You did a great job! Very creative and attractive.


----------



## Fireweedbeads (Feb 5, 2016)

I love it! Once it's embossed and the ribbon is on the cat, I'd decide about the little leafy thing. Might not add anything.


----------



## Mary Cardiff (Mar 18, 2012)

Great for Cat lovers,


----------



## Sue Fish (Mar 12, 2011)

owlet said:


> Very classy, great colours. Personally, I'd move the cat nearer the middle and give it a red collar. Then lose the leafy arrangement - I find it a bit too fussy and unnecessary.

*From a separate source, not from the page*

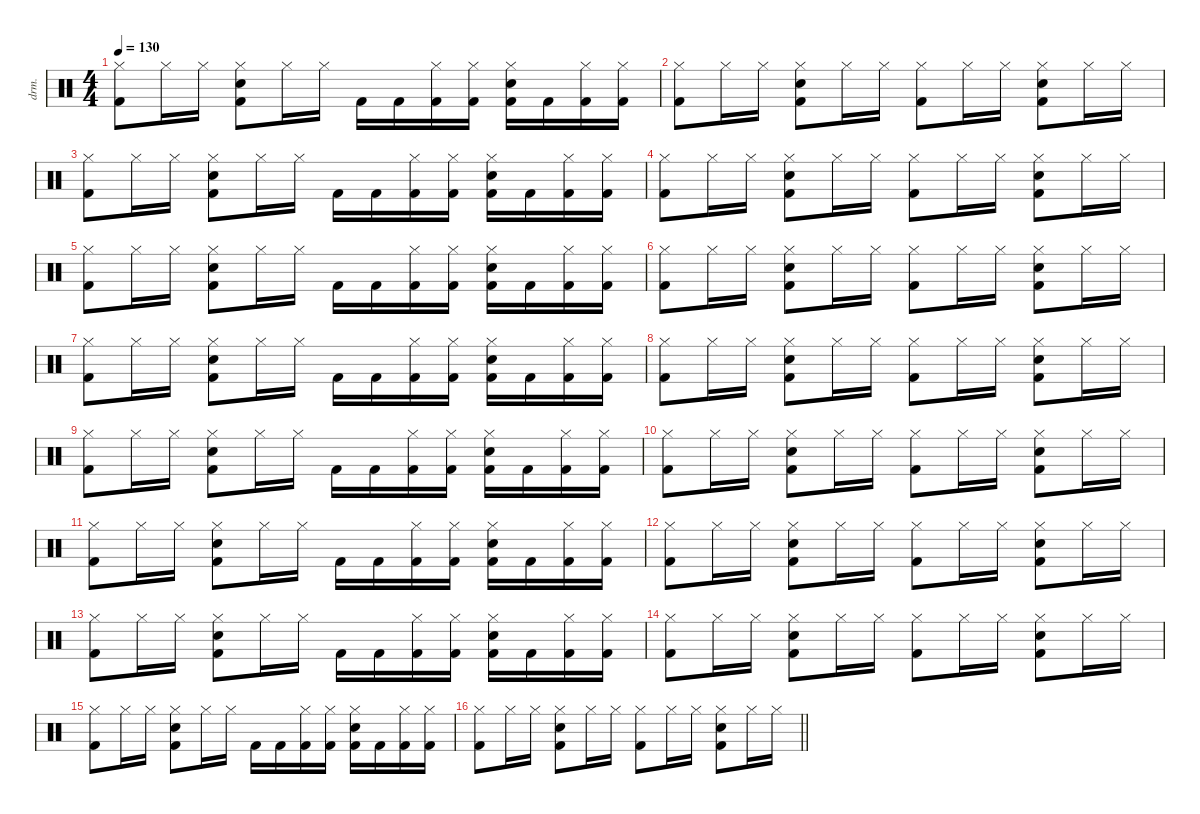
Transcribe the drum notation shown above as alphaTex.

thanks i always do appreciate suggestions and comments..will try that


----------



## ruqia (May 4, 2013)

Lovely creation.


----------



## rujam (Aug 19, 2011)

It's lovely Sue, I love the addition of the cat.


----------



## Sue Fish (Mar 12, 2011)

thanks actually the 2 i sold from just showing the idea was because of the cat...one i am to make a tuxedo cat and one a grey cat...


----------



## mama879 (Jan 27, 2011)

I agree the cat with a red bow and loose the greens on the fence maybe the bell on the cat if it fits. Very pretty card.


----------



## Sue Fish (Mar 12, 2011)

mama879 said:


> I agree the cat with a red bow and loose the greens on the fence maybe the bell on the cat if it fits. Very pretty card.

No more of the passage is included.